▶ [SOURCE MATERIAL]
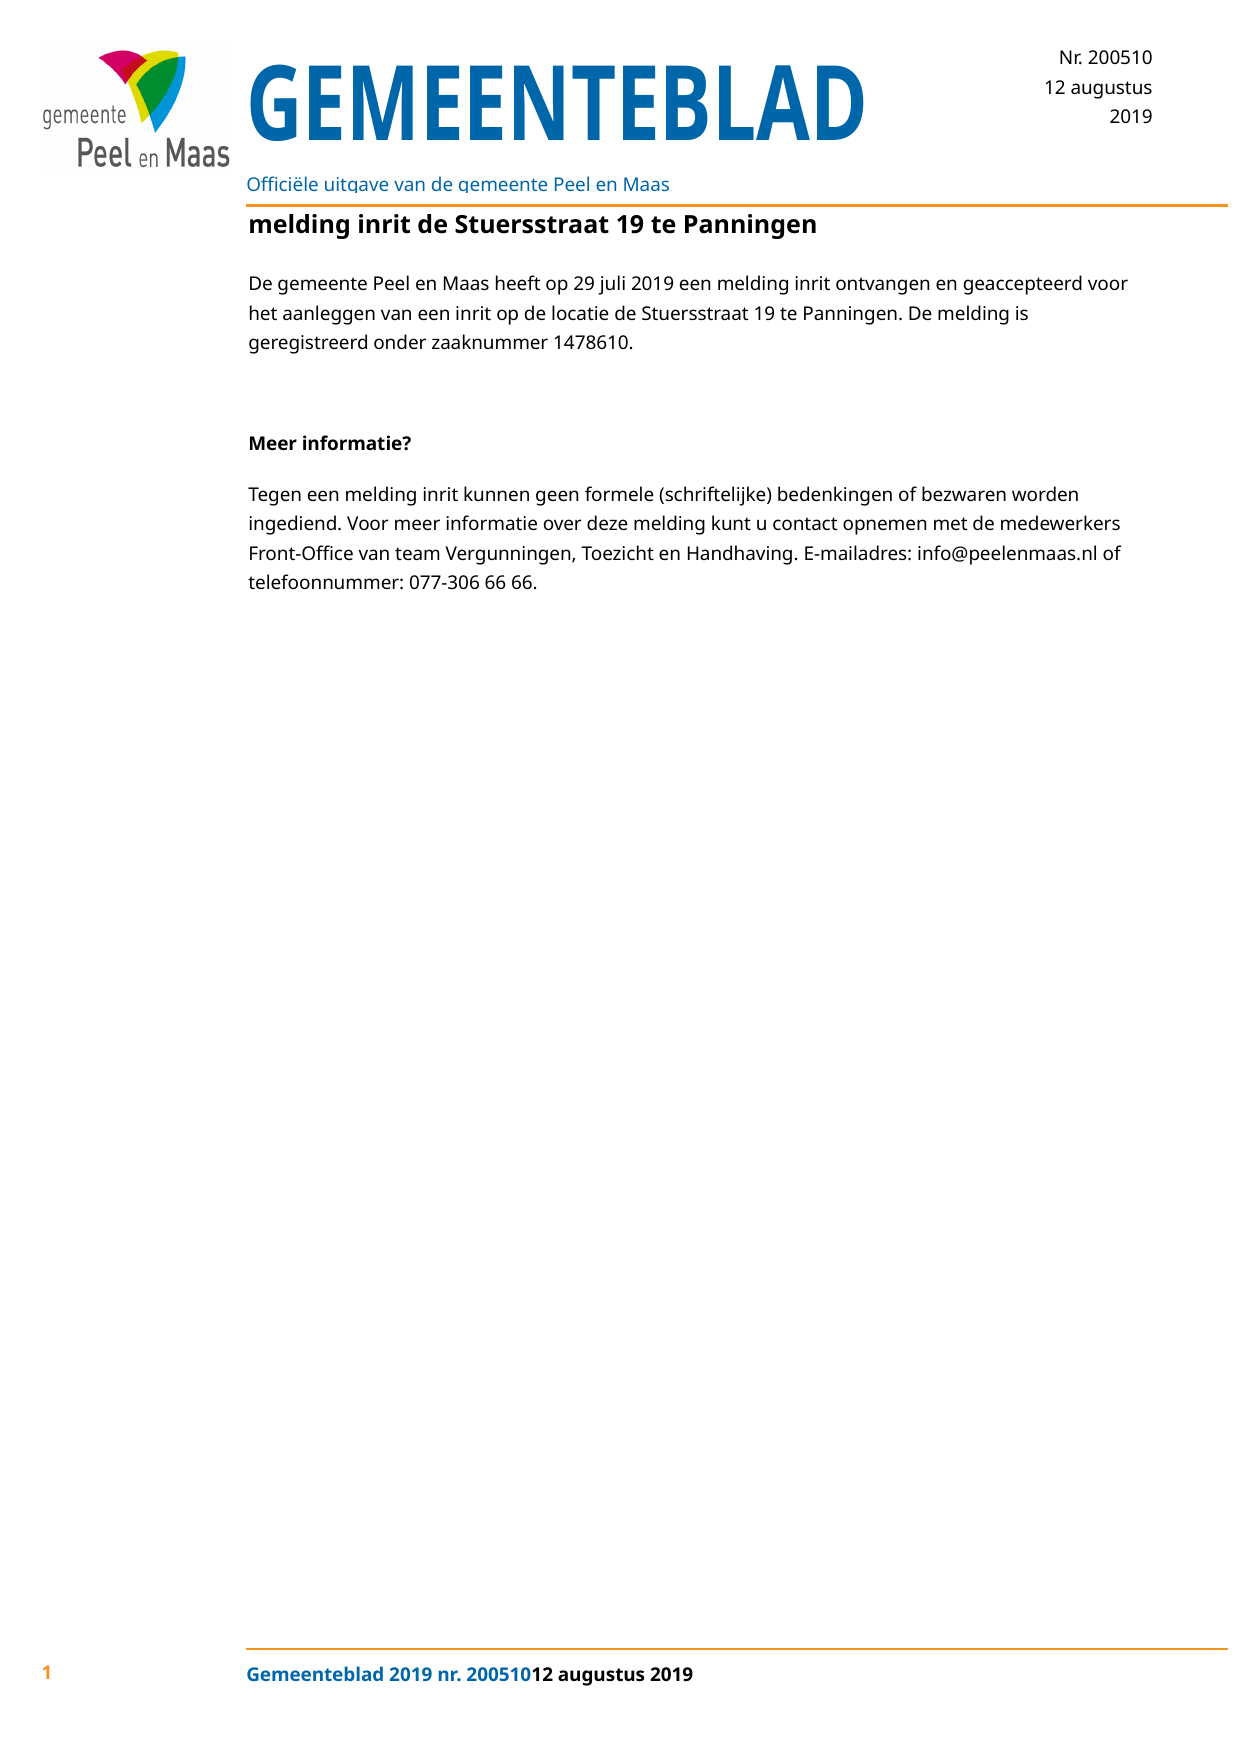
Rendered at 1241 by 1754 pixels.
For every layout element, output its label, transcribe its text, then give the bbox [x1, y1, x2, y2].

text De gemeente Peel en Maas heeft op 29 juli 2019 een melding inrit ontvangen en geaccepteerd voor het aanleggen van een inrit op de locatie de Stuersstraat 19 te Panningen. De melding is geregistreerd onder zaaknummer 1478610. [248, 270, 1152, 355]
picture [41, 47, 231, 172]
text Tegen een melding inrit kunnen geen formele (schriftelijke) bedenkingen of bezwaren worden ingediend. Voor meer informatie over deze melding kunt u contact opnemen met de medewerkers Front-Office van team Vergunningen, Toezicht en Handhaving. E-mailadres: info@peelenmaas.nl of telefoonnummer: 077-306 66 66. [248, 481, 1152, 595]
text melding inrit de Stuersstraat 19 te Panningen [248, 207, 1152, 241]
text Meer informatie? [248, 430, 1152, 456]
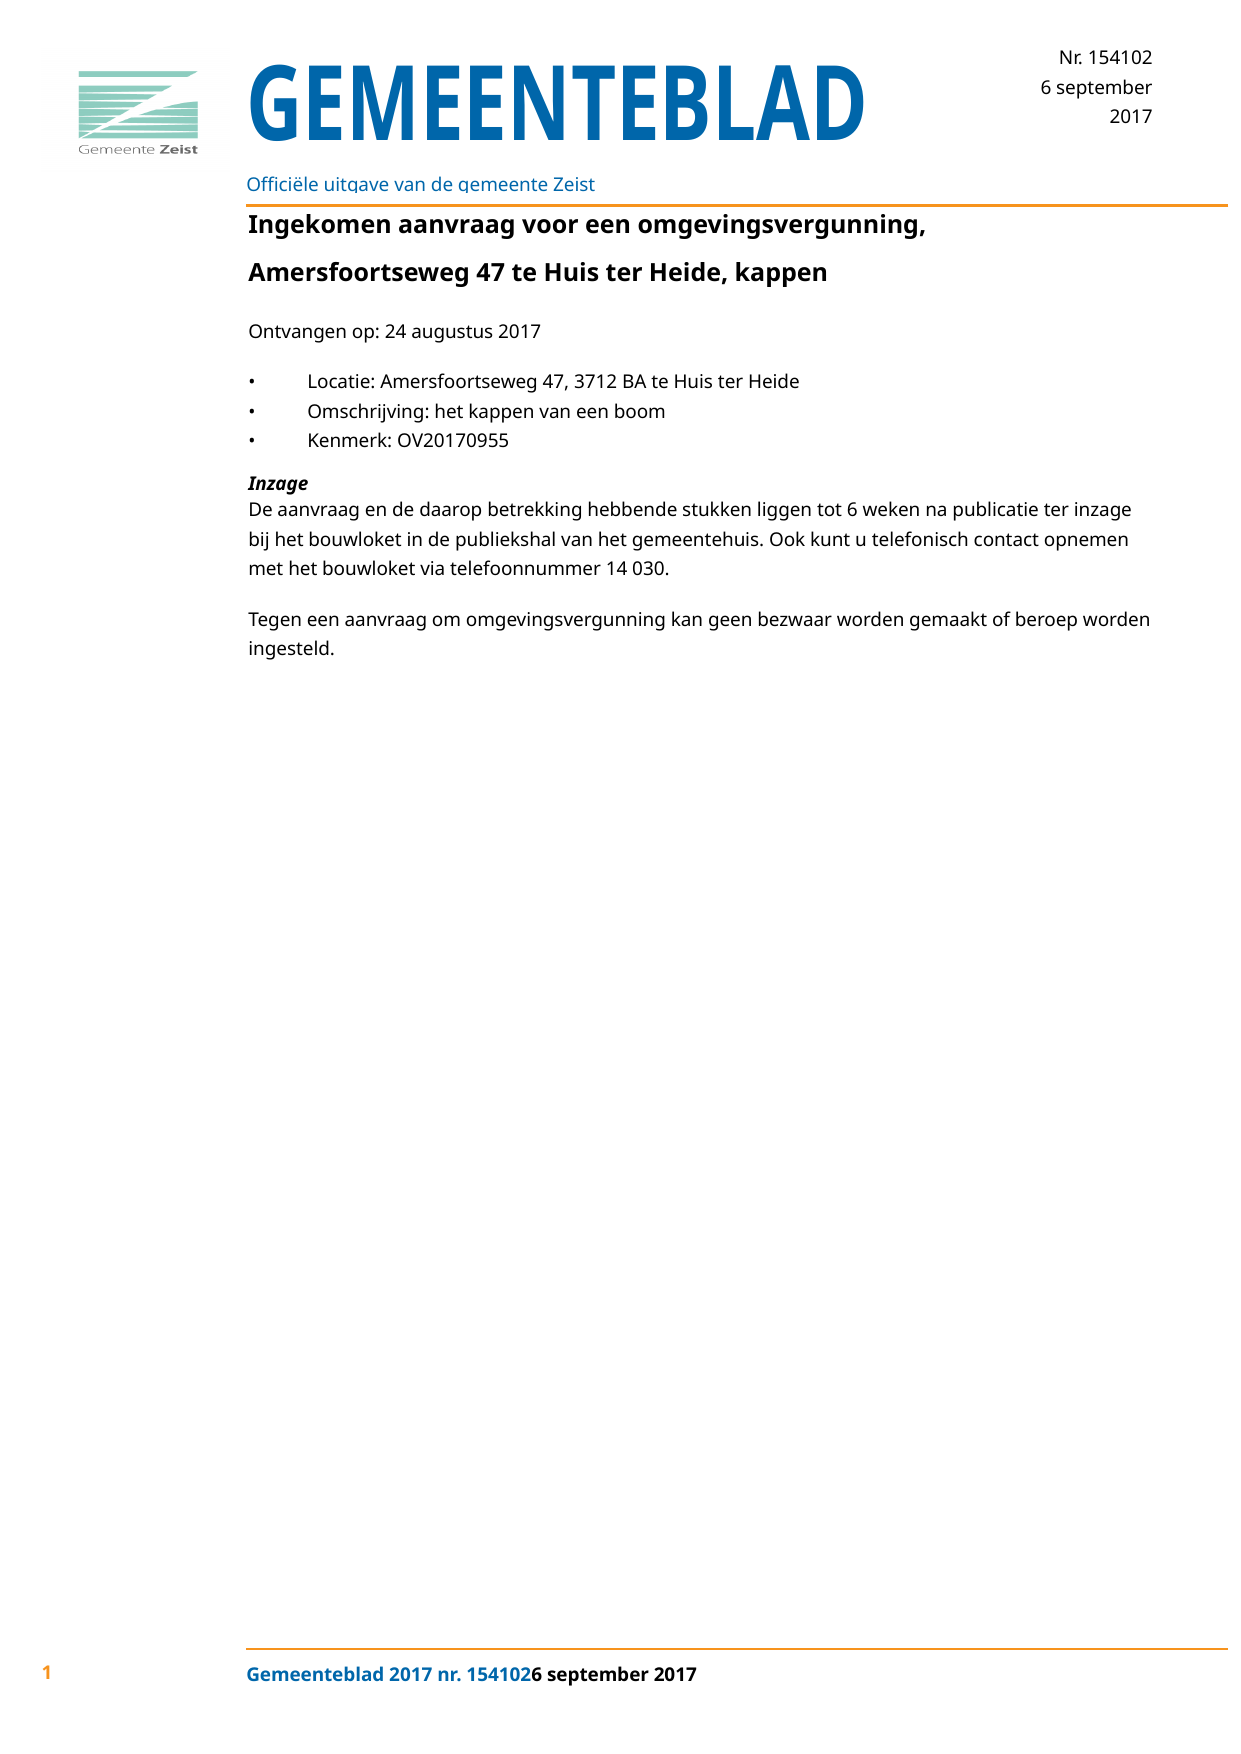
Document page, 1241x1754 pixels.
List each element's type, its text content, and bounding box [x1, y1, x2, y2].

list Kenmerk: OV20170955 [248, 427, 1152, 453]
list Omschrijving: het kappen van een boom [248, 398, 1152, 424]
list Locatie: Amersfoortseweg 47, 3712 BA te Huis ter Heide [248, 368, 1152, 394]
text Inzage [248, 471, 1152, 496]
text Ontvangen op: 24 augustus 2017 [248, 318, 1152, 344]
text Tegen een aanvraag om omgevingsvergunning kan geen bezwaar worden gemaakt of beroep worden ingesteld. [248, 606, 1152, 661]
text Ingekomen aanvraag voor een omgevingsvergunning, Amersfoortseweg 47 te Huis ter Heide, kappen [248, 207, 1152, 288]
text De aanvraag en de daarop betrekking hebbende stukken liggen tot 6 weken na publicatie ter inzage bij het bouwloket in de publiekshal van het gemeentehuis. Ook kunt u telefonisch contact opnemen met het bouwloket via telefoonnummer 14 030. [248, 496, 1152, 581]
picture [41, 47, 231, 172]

==

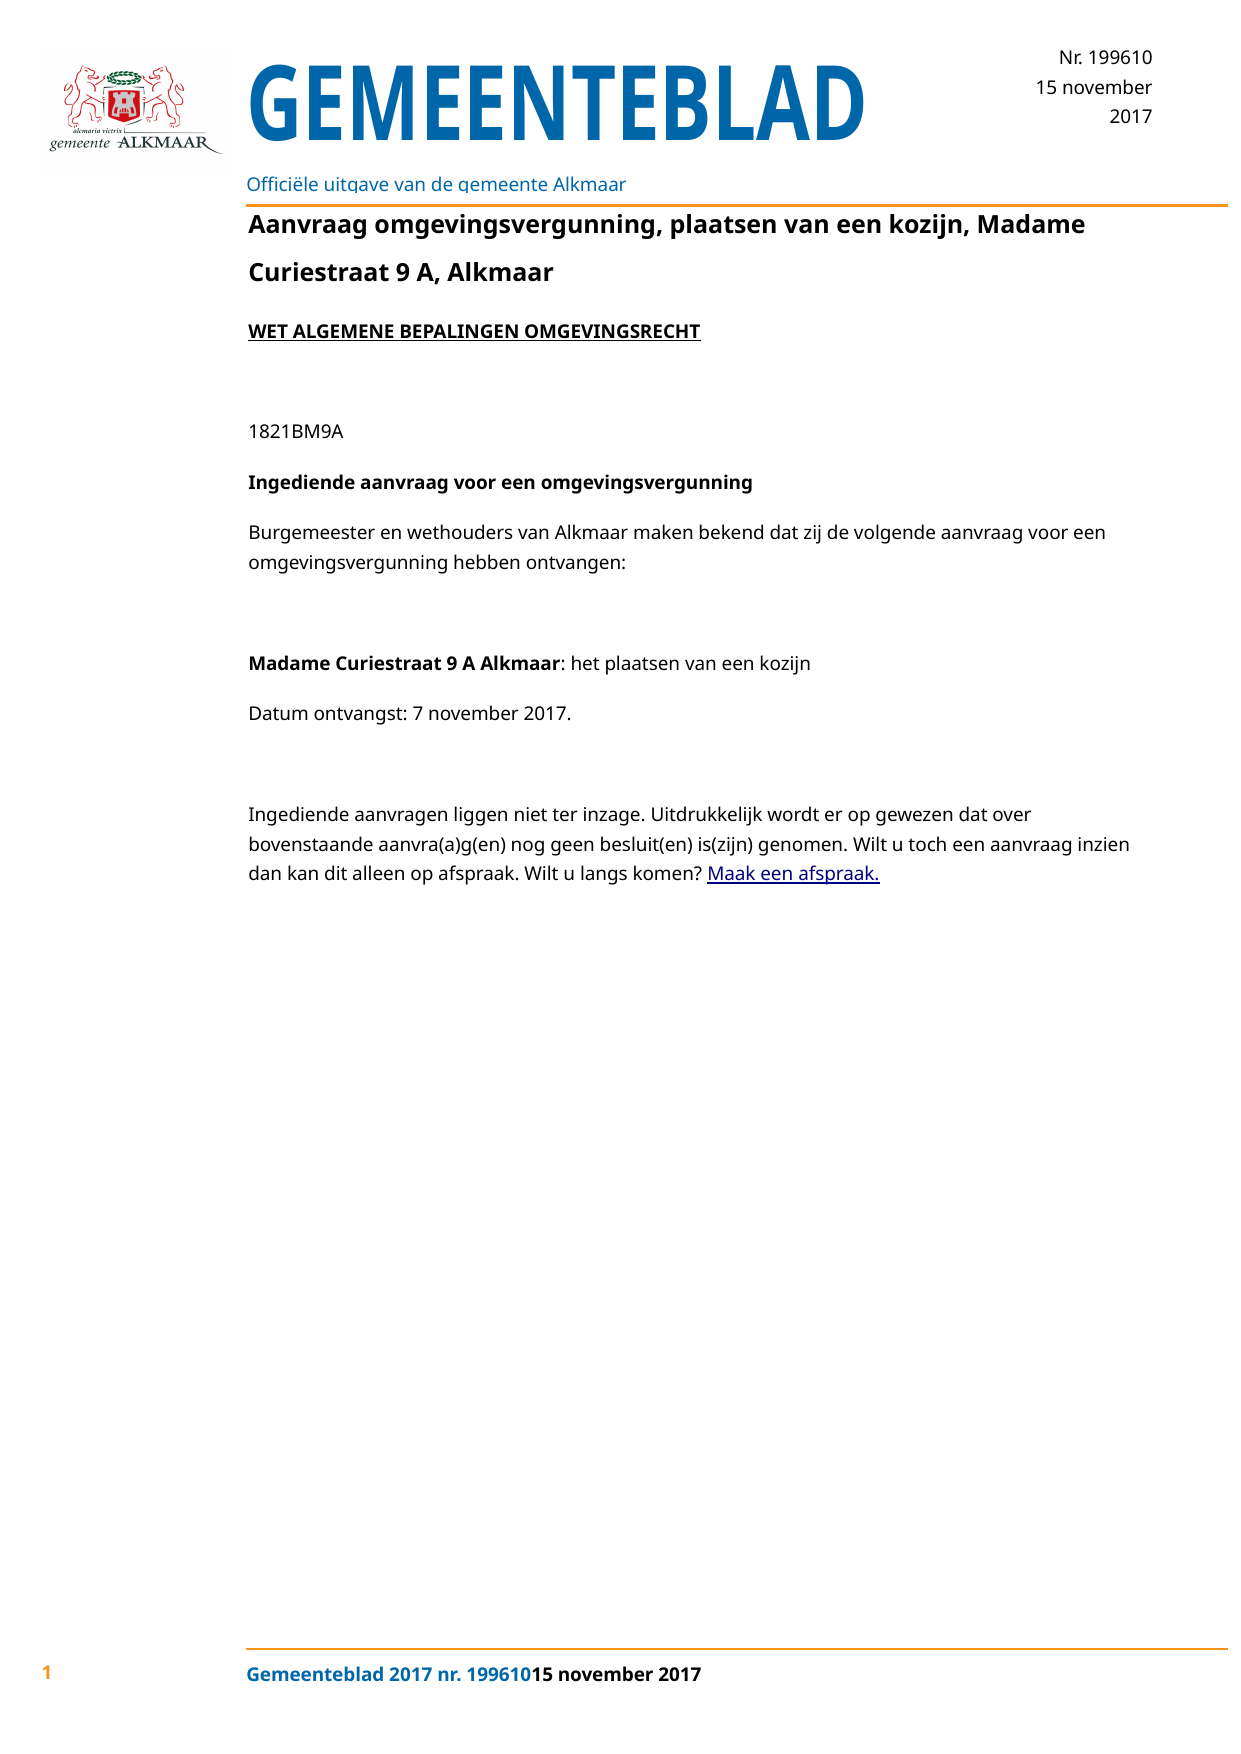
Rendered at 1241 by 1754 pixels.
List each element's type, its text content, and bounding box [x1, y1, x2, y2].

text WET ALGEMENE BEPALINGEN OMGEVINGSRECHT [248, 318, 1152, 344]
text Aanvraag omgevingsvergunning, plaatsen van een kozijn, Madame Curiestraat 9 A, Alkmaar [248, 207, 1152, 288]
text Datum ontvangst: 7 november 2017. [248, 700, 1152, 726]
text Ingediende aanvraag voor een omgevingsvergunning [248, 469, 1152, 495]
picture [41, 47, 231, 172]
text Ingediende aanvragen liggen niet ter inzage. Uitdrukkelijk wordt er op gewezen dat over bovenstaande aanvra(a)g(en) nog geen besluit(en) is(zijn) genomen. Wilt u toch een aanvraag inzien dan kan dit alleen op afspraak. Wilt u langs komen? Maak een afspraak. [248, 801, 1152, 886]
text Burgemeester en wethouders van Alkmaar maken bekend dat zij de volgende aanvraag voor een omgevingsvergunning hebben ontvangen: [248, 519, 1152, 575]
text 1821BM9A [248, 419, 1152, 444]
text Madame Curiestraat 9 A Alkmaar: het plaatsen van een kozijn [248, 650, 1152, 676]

▶ [WORK TASK] Here the job is to copy the stretch of records from the line containing "For every layout" through the line containing "Document page, 1241x1754 pixels.", word for word. Leave every picture out.

▶ [SOLVED EXERCISE]
For every layout element, output its label, transcribe its text, then give the bbox [x1, y1, x2, y2].

text De gemeente Peel en Maas heeft op 29 juli 2019 een melding inrit ontvangen en geaccepteerd voor het aanleggen van een inrit op de locatie de Stuersstraat 19 te Panningen. De melding is geregistreerd onder zaaknummer 1478610. [248, 270, 1152, 355]
picture [41, 47, 231, 172]
text Tegen een melding inrit kunnen geen formele (schriftelijke) bedenkingen of bezwaren worden ingediend. Voor meer informatie over deze melding kunt u contact opnemen met de medewerkers Front-Office van team Vergunningen, Toezicht en Handhaving. E-mailadres: info@peelenmaas.nl of telefoonnummer: 077-306 66 66. [248, 481, 1152, 595]
text melding inrit de Stuersstraat 19 te Panningen [248, 207, 1152, 241]
text Meer informatie? [248, 430, 1152, 456]
Document page, 1241x1754 pixels.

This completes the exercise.